Not About Food

Who Trains Waiters? [Moved from the Boston board]


Not About Food 34

Who Trains Waiters? [Moved from the Boston board]

WTF51 | Dec 23, 2009 05:30 AM

This post was triggered by a meal we had at Bistro du Midi last night, but applies to most of the better restaurants I have eaten in across the US, with the exception of New York. Our server last night was polite and friendly, knowledgeable about the food and offered us several useful suggestions. Bistro du Midi uses a team approach, so other servers, the wine guy and the front room manager were also at our table at various points. They shared the server's positive qualities.

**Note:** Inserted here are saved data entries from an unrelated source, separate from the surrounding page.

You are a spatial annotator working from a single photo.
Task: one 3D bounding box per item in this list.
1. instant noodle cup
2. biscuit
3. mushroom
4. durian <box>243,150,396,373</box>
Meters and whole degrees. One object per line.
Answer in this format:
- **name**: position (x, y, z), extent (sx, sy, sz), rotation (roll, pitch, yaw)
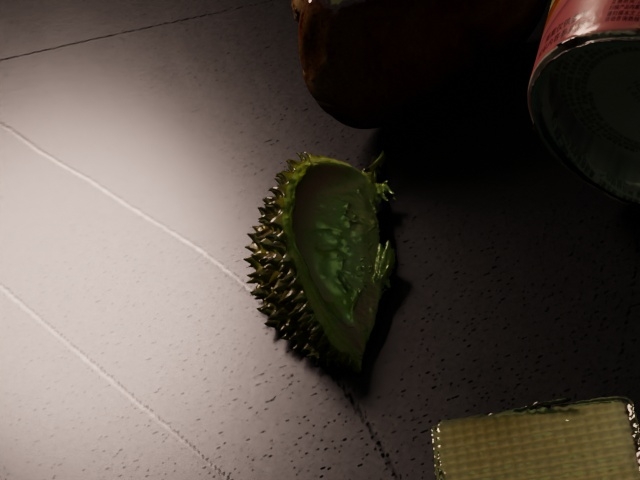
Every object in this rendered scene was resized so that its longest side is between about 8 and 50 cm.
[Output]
- **instant noodle cup**: position (0.258, -0.165, 0.947), extent (0.243, 0.244, 0.255), rotation (10, 54, 28)
- **biscuit**: position (0.125, 0.170, 0.739), extent (0.121, 0.041, 0.199), rotation (-11, 39, 11)
- **mushroom**: position (0.053, -0.198, 1.129), extent (0.227, 0.148, 0.217), rotation (-25, 25, -16)
- **durian**: position (0.000, 0.000, 0.965), extent (0.100, 0.086, 0.215), rotation (18, 45, -11)

However, there were some other aspects of the service that were bothersome:

1. All the staff used this stilted, formal language when talking with us. "What will you be having?" "Tonight we have available ...", and my favorite, "How are your items tasting?"

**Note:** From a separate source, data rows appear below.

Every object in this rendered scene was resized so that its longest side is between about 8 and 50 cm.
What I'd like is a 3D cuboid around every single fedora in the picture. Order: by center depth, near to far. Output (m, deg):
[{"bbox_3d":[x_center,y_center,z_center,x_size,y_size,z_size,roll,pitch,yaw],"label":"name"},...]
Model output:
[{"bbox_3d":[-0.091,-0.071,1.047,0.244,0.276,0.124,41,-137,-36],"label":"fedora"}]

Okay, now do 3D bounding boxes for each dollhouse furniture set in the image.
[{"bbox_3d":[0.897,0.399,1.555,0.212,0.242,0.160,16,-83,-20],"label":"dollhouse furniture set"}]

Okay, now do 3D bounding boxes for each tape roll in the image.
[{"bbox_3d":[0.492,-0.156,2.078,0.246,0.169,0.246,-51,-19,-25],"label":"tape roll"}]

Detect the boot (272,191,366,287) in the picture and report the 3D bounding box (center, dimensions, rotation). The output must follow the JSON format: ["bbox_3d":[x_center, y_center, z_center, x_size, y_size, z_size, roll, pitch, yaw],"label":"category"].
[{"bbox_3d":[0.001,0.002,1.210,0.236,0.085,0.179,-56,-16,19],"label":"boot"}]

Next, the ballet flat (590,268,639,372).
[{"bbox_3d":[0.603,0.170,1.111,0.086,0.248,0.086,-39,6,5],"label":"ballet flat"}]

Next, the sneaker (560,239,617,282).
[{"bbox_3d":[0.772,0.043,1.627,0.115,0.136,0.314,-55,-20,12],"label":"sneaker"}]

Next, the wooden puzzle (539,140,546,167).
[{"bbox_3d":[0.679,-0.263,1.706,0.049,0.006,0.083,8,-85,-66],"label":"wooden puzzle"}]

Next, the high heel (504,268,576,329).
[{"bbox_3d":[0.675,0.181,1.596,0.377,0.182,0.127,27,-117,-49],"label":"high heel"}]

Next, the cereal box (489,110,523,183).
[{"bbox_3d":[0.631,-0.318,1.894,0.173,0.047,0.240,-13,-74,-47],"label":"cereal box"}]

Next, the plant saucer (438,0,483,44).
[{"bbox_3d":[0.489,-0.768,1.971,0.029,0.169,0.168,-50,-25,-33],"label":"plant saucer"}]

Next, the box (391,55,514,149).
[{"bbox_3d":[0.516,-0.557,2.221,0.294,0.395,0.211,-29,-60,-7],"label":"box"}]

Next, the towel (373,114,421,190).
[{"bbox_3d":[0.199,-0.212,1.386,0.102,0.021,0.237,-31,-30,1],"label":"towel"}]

2. They cleared used dishes and glassware 3-4 times as we finished our entrees rather than all at once, with a request each time.

3. The person who cleaned and prepped our places after the starters were cleared was so intent on his job that I found myself looking at the top of head as he whisked the crumbs away.

4. Several of the dishes were placed in front of the wrong person.

I admit that these are not huge issues, and my dining companions called me a snob when ti tried to discuss them afterward. But I encounter them so consistently in many restaurants in many cities that I have to conclude that the staff is purposefully trained to do 1.-3. and that 4. is a problem of immense complexity that resists a solution.

Regarding server-speak, the people who serve at most high-end restaurants are carefully selected and trained, and their performance is monitored and improved. I guess that the great majority of them are articulate and able to express themselves naturally and accurately in normal conversation. So, clearly who decides that they should use future plural language when talking with customers? Is it somehow considered more formal and gracious than more direct sentences? Is it a way to insure that all servers speak grammatically and courteously?

The decisions behind the other issues really puzzle me. Why would a restaurant decide that it is preferable to interrupt dining conversation several times during a course, rather than when everyone was clearly finished? A server wouldn't need to ask permission if they waited. Cleaning each diner's place between courses is nice, but it adds yet another interruption, in this case a physical presence in front of the diner.

Finally, I know that it is possible for a group of servers to know who ordered what and deliver the right dish to the right diner. I just don't understand why it happens so infrequently.

The goal of great service is to be informative, anticipatory and unobtrusive. We know it when we experience it. Part of it is instinctual, I believe. However, many of the core elements can be designed, taught, and implemented consistently. So, who decides on approaches that seem, at least to me, to be inconsistent with this ideal?